In FIG. 4, reference numeral 6' denotes a heat transfer tube, which is disposed within the closed container 3a of the condenser 3 shown in FIG. 1, through which cooling water containing corrosion factors flows in the direction of the arrow. Reference numeral 10 denotes a rib, which forms a small spiral protrusion that is not parallel to the flow direction of the cooling water on the inner surface of the heat transfer tube 6'. The cross-sectional shape of the rib 10 is formed in such a shape that a gentle gradient device 1a is provided on the downstream side of the protrusion 11 with respect to the flow of cooling water, like the asymmetric protrusion 11 shown in FIG. .

In the heat exchanger tube 6' in which the rib 10 of such a shape is formed,
When the cooling water flows in the direction of the arrow, the protrusion 11 of the rib 10
Since the pipe flows along the gentle gradient device 1a even after passing the 01 point, local turbulence does not occur, and there is little risk of corrosion of the inner wall of the pipe due to water erosion, so-called 20-john.

Due to its stiffness, it is highly reliable as a heat transfer tube for condenser 3.
High heat exchange performance can be maintained for a long period of time, which greatly contributes to improving the performance of centrifugal chillers.

In the above embodiment, an example of a heat transfer tube used in a condenser of a centrifugal chiller was explained, but the present invention is not limited to a condenser of a centrifugal chiller, but can be applied to a heat exchanger tube used in a product that can be expected to have the same effect. It is a general-purpose item in the range of heat tubes.

Furthermore, in the above embodiments, the ribs of the heat exchanger tubes are continuously formed in a spiral shape, but the present invention is limited to this. Even if the heat exchanger tube is formed intermittently, such as ribs provided at intervals like bamboo nodes, it has the characteristics of the present invention and satisfies the workability and heat exchange performance. Needless to say, it's a good thing.

〔Effect of the invention〕

As described above, according to the present invention, there is provided a heat exchanger tube with internal ribs that has a small risk of erosion occurring on the downstream side of the internal ribs, even in a heat exchanger tube through which a fluid containing a corrosive factor flows. It is possible to maintain high heat transfer performance for a long period of time.

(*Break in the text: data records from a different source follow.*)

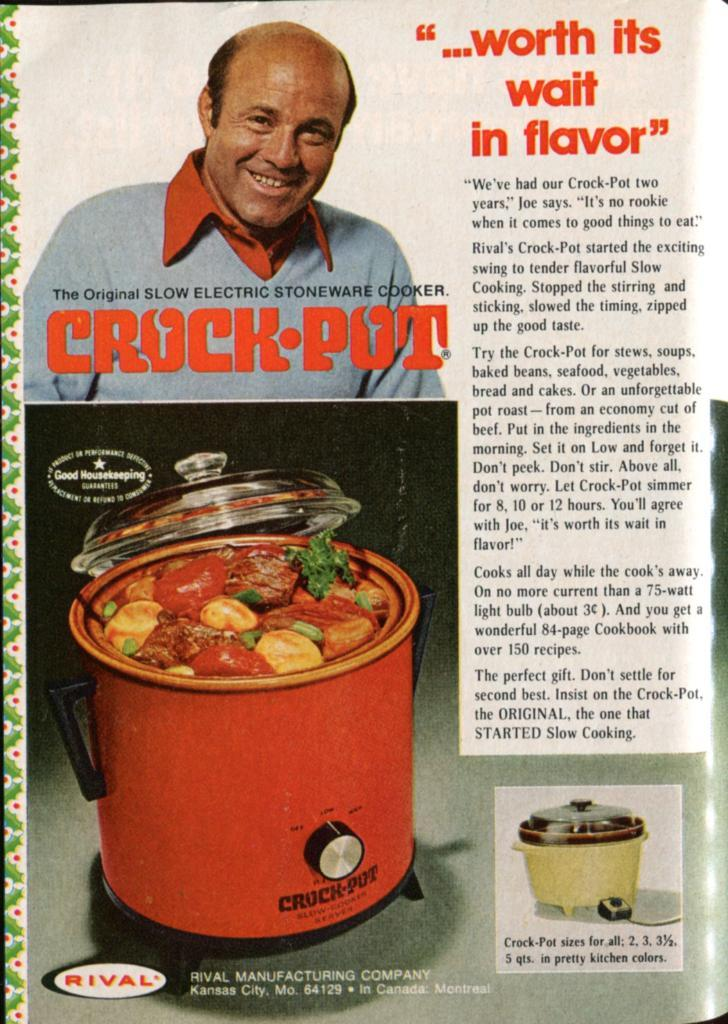<image>
Give a short and clear explanation of the subsequent image. An old advertisement for a Crock pot by Rival Manufacturing Company. The ad says it's "worth its wait in flavor". 
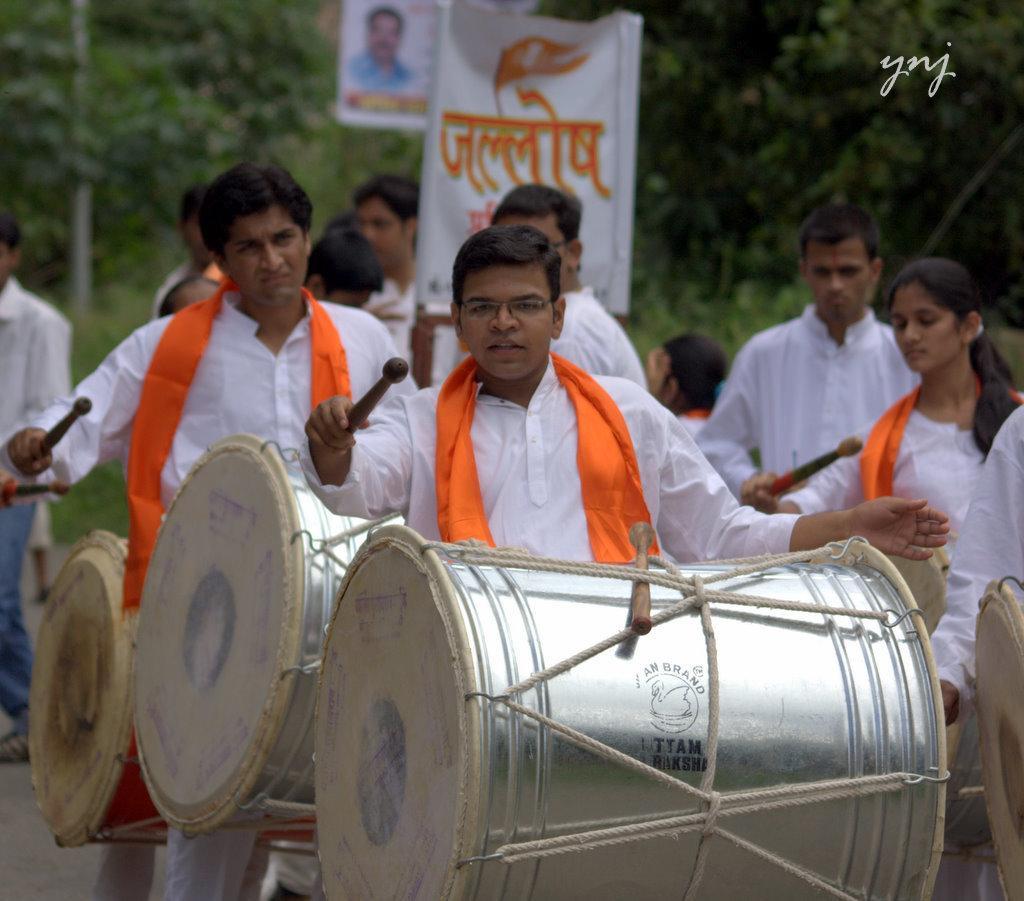Could you give a brief overview of what you see in this image? in the picture we can see the persons holding the drums and playing it with a stick her we can see a banner and we can also see trees behind them. 
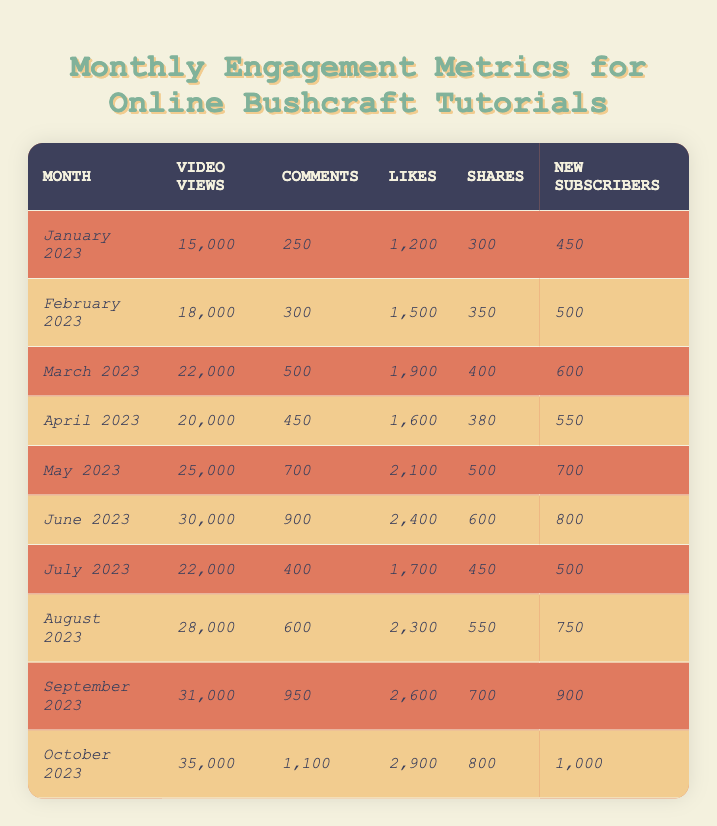What month had the highest number of video views? Looking at the table, October 2023 has the highest number of video views, which is 35,000.
Answer: October 2023 How many new subscribers were gained in June 2023? The table shows that in June 2023, the number of new subscribers gained was 800.
Answer: 800 What was the total number of likes from January to March 2023? To find the total likes from January to March 2023, we add the likes for each month: 1,200 (Jan) + 1,500 (Feb) + 1,900 (Mar) = 4,600.
Answer: 4,600 Did the number of shares in July 2023 exceed the number of shares in April 2023? In July 2023, the number of shares was 450, and in April 2023, it was 380. Since 450 is greater than 380, the answer is yes.
Answer: Yes What is the average number of video views for the months of May to October 2023? The video views for May to October are: 25,000 (May), 30,000 (June), 22,000 (July), 28,000 (August), 31,000 (September), and 35,000 (October). The total is 171,000. Dividing by 6 (the number of months) gives an average of 28,500.
Answer: 28,500 Which month saw the smallest increase in new subscribers compared to the previous month? Looking at the new subscribers: January (450), February (500), March (600), April (550), May (700), June (800), July (500), August (750), September (900), October (1,000). The smallest increase was from March to April, with a decrease of 50 new subscribers (600 to 550).
Answer: March to April How many more comments were made in September 2023 compared to January 2023? In September 2023, there were 950 comments, while in January 2023, there were 250 comments. Subtracting gives 950 - 250 = 700 more comments.
Answer: 700 What was the percentage increase in video views from January to June 2023? Video views increased from 15,000 in January to 30,000 in June. The increase is 30,000 - 15,000 = 15,000. The percentage increase = (15,000 / 15,000) * 100 = 100%.
Answer: 100% In which month did the total number of likes first exceed 2,000? The likes first exceeded 2,000 in May 2023, where there were 2,100 likes.
Answer: May 2023 What is the median number of shares across all months? The shares for all months are: 300 (Jan), 350 (Feb), 380 (Apr), 450 (Jul), 500 (May), 550 (Aug), 600 (Jun), 700 (Sep), and 800 (Oct). Arranging these numbers gives: 300, 350, 380, 450, 500, 550, 600, 700, 800. The median (the middle value) is 500.
Answer: 500 
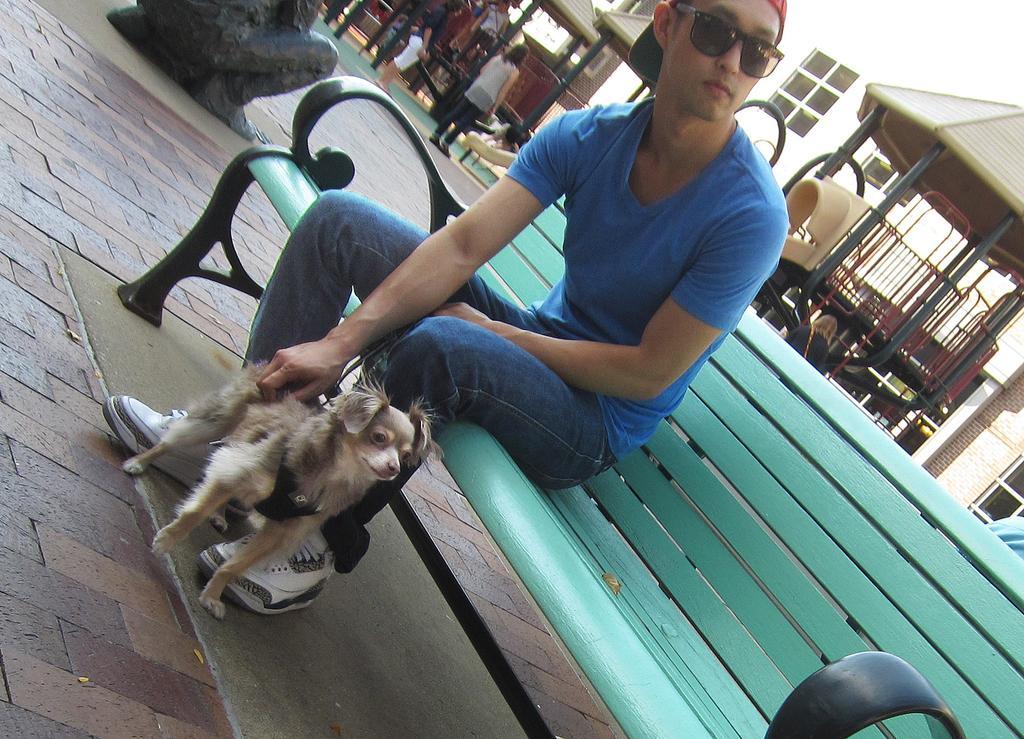Describe this image in one or two sentences. there is a green wooden bench on which a person is sitting wearing a blue t shirt, jeans, goggles and a cap. he is holding a dog which is standing on the ground. at the back there is sculpture. behind that there are slides, people are standing there. at the back there are buildings which has windows. it is street side.

[Brief explanation of the drawing]

Fig. 1 is a schematic partial cross-sectional configuration diagram showing the refrigeration cycle of a typical centrifugal refrigerator, Fig. 2 is a sectional view of a conventional heat exchanger tube with internal ribs, and Fig. 3 is a conventional symmetrical ribbed heat transfer tube. 4 is a cross-sectional view of a heat exchanger tube with internal ribs according to an embodiment of the present invention, and FIG. 5 is a cross-sectional view of a main part showing a cross-sectional shape of the ribs in FIG. 4. It is a diagram. 6′...Heat transfer tube, ]0...Rib, 11...Protrusion,
lla... Gradient.

Claims (1)

[Claims] 1. In a heat exchanger tube with internal ribs provided on the inner surface of the tube through which a fluid containing a corrosion factor flows, ribs that are not parallel to the flow direction of the fluid, the cross-sectional shape of the ribs on a cross section parallel to the tube axis is . A heat exchanger tube with internal ribs, characterized in that a protrusion shape having a gentle slope is formed on the downstream side of the rib with respect to the flow direction of the fluid, the protrusion shape being used to prevent the generation of double lotion.